En efecto, el concepto de vulnerabilidad de acuerdo a como es señalado constantemente en el reconocimiento al goce de los derechos humanos universales, se atribuye a aquellas personas que por razón de su edad, género, estado físico o mental, o por circunstancias sociales, económicas, étnicas y/o culturales, encuentran especiales dificultades para ejercitar con plenitud los derechos humanos reconocidos en los diversos instrumentos internacionales, y en las Constituciones o legislaciones de los Estados.(21)

En el caso, no es esa la vulnerabilidad que habrá de evaluar el juzgador, sino aquella que corresponde al análisis de las circunstancias, a partir de las cuales pueda advertirse que existió una limitante u obstáculo en la libertad de contratación por parte del acreditado deudor, que le impidió convenir de manera libre el porcentaje de los intereses, por ejemplo, ante una situación de extrema necesidad que hubiera ofuscado la voluntad del contratante.
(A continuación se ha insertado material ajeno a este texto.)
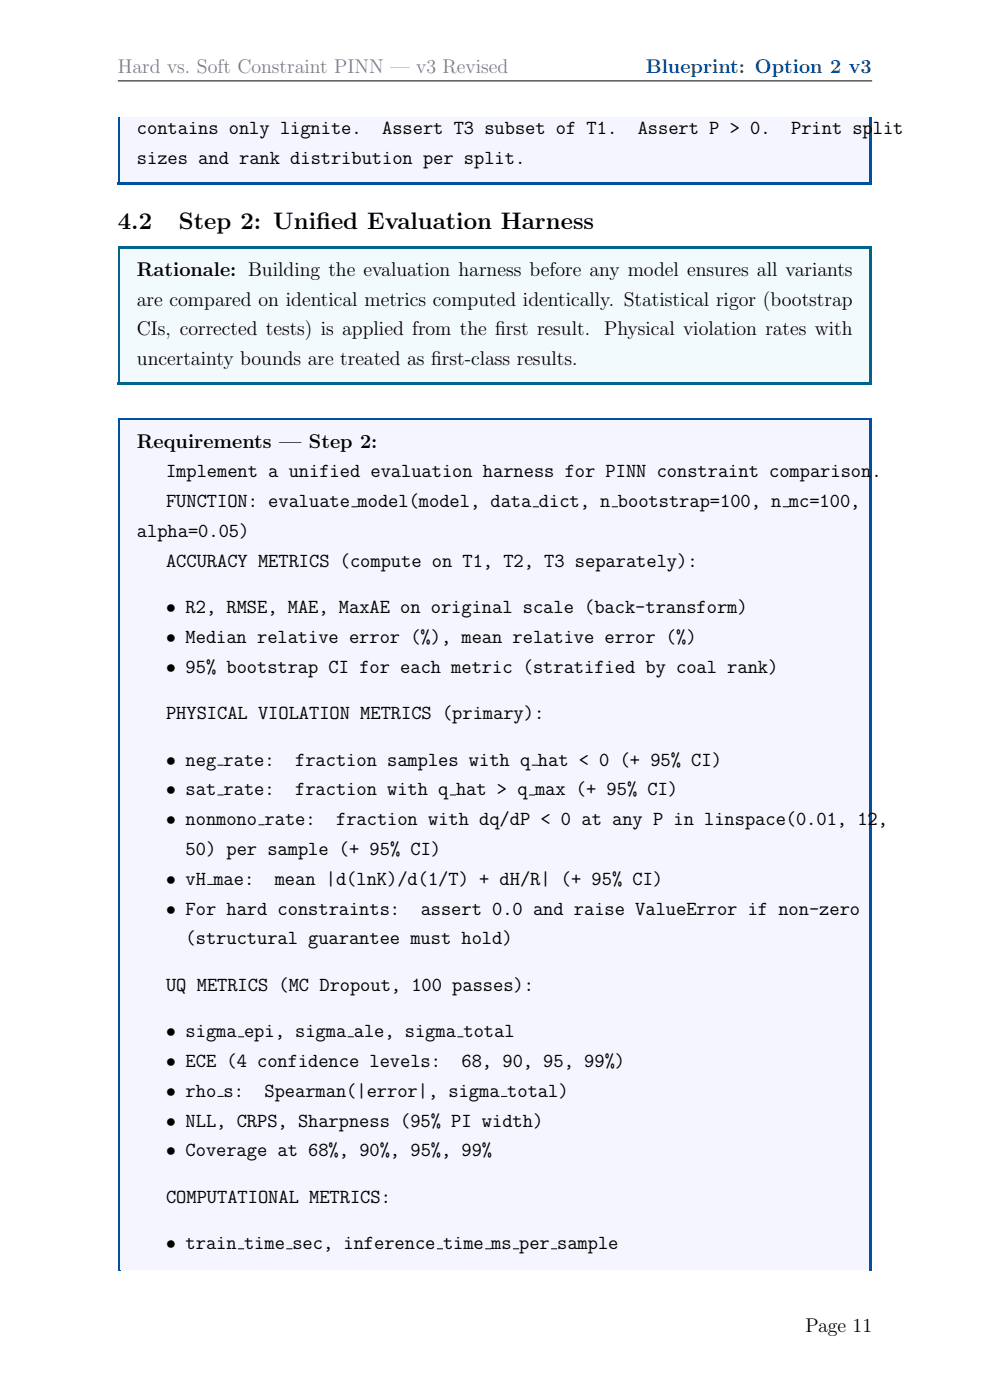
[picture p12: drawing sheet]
<svg xmlns="http://www.w3.org/2000/svg" width="210mm" height="297mm" viewBox="0 0 210 297" stroke-linecap="round" stroke-linejoin="round" font-family="sans-serif">
<defs><g id="words">
<g font-size="5.1">
<text x="25" y="48.5">4.2</text>
<text x="38" y="48.5">Step 2: Unif</text>
<text x="67.1" y="48.5">ied Evaluation Harness</text>
</g>
<text font-size="4.2" fill="#808080" x="25" y="15.6">Hard vs. Soft Constraint PINN — v3 Revised</text>
<text font-size="4.2" fill="#0050a0" x="137" y="15.6">Blueprint: Option 2 v3</text>
<g font-size="4.2">
<text x="29" y="28.5">contains only lignite.</text>
<text x="81.1" y="28.5">Assert T3 subset of T1.</text>
<text x="135.3" y="28.5">Assert P &gt; 0.</text>
<text x="167.8" y="28.5">Print split</text>
<text x="29" y="34.8">sizes and rank distribution per split.</text>
<text x="29" y="58.5">Rationale: Building the evaluation harness before any model ensures all variants</text>
<text x="29" y="64.8">are compared on identical metrics computed identically. Statistical rigor (bootstrap</text>
<text x="29" y="71.2">CIs, corrected tests) is applied from the f</text>
<text x="105" y="71.2">irst result.</text>
<text x="128.1" y="71.2">Physical violation rates with</text>
<text x="29" y="77.5">uncertainty bounds are treated as f</text>
<text x="91.4" y="77.5">irst-class results.</text>
<text x="29" y="94.9">Requirements — Step 2:</text>
<text x="35.2" y="101.3">Implement a unified evaluation harness for PINN constraint comparison.</text>
<text x="35.2" y="107.6">FUNCTION: evaluate model(model, data dict, n bootstrap=100, n mc=100,</text>
<text x="29" y="113.9">alpha=0.05)</text>
<text x="35.2" y="120.2">ACCURACY METRICS (compute on T1, T2, T3 separately):</text>
<text x="35.2" y="130.1">• R2, RMSE, MAE, MaxAE on original scale (back-transform)</text>
<text x="35.2" y="136.4">• Median relative error (%), mean relative error (%)</text>
<text x="35.2" y="142.7">• 95% bootstrap CI for each metric (stratified by coal rank)</text>
<text x="35.2" y="152.6">PHYSICAL VIOLATION METRICS (primary):</text>
<text x="35.2" y="162.4">• neg rate:</text>
<text x="62.6" y="162.4">fraction samples with q hat &lt; 0 (+ 95% CI)</text>
<text x="35.2" y="168.7">• sat rate:</text>
<text x="62.6" y="168.7">fraction with q hat &gt; q max (+ 95% CI)</text>
<text x="35.2" y="175">• nonmono rate:</text>
<text x="71.3" y="175">fraction with dq/dP &lt; 0 at any P in linspace(0.01, 12,</text>
<text x="39.4" y="181.4">50) per sample (+ 95% CI)</text>
<text x="35.2" y="187.7">• vH mae:</text>
<text x="58.3" y="187.7">mean |d(lnK)/d(1/T) + dH/R| (+ 95% CI)</text>
<text x="35.2" y="194">• For hard constraints:</text>
<text x="89.2" y="194">assert 0.0 and raise ValueError if non-zero</text>
<text x="39.4" y="200.3">(structural guarantee must hold)</text>
<text x="35.2" y="210.2">UQ METRICS (MC Dropout, 100 passes):</text>
<text x="35.2" y="220">• sigma epi, sigma ale, sigma total</text>
<text x="35.2" y="226.3">• ECE (4 confidence levels:</text>
<text x="97.9" y="226.3">68, 90, 95, 99%)</text>
<text x="35.2" y="232.7">• rho s:</text>
<text x="56.1" y="232.7">Spearman(|error|, sigma total)</text>
<text x="35.2" y="239">• NLL, CRPS, Sharpness (95% PI width)</text>
<text x="35.2" y="245.3">• Coverage at 68%, 90%, 95%, 99%</text>
<text x="35.2" y="255.2">COMPUTATIONAL METRICS:</text>
<text x="35.2" y="265">• train time sec, inference time ms per sample</text>
<text x="170.8" y="282.5">Page 11</text>
</g>
</g></defs>
<path d="M25 17.2h160" fill="none" stroke="#000" stroke-width=".21"/>
<path d="M25 25h.5v13.6h-.5z" fill="#0050a0"/>
<path d="M25.5 25h159v13.6h-159z" fill="#f5f5ff"/>
<g fill="#0050a0">
<path d="M25 38.6h160v.5h-160z"/>
<path d="M184.5 25h.5v13.6h-.5z"/>
</g>
<g fill="#00648c">
<path d="M25 52.2h.5v28.9h-.5z"/>
<path d="M25.5 52.2h159v.6h-159z"/>
</g>
<path d="M25.5 52.8h159v28.3h-159z" fill="#f3fafe"/>
<g fill="#00648c">
<path d="M25 81.1h160v.5h-160z"/>
<path d="M184.5 52.2h.5v28.9h-.5z"/>
</g>
<g fill="#0050a0">
<path d="M25 88.7h.5v180.7h-.5z"/>
<path d="M25.5 88.7h159v.5h-159z"/>
</g>
<path d="M25.5 89.2h159v180.2h-159z" fill="#f5f5ff"/>
<path d="M184.5 88.7h.5v180.7h-.5z" fill="#0050a0"/>
<g fill="none" stroke="#000" stroke-width=".21">
<path d="M74.6 107.5h1.3M113 107.5h1.3M129.8 107.5h1.3M166.1 107.5h1.3M46.1 162.3h1.3M46.1 168.7h1.3M54.8 175h1.3M95.4 168.7h1.3M112.2 168.7h1.3M112.8 162.3h1.3M44 187.6h1.3M50.5 220h1.3"/>
<path d="M73.7 220h1.3M97 220h1.3M46.1 232.6h1.3M106.3 232.6h1.3M50.5 264.9h1.3M60.7 264.9h1.3M92.7 264.9h1.3M102.9 264.9h1.3M108.8 264.9h1.3M116.9 264.9h1.3"/>
</g>
<use href="#words"/>
</svg>

Dicho de otro modo, al juzgador le corresponde verificar si dada la condición personal del deudor se propició o facilitó el pacto de una tasa de interés excesiva y desproporcionada a la operación del préstamo, condiciones que por lo general están referidas a condiciones de vulnerabilidad relativas a la circunstancia económica de la persona, no así a una condición genérica de desigualdad o desventaja social, como puede ser por razón de género, orientación sexual, edad, etnicidad, religión, entre otras. De ahí, que es la prudencia del juzgador la que en cada caso concreto debe justificar y motivar porqué encuentra o no una situación de vulnerabilidad.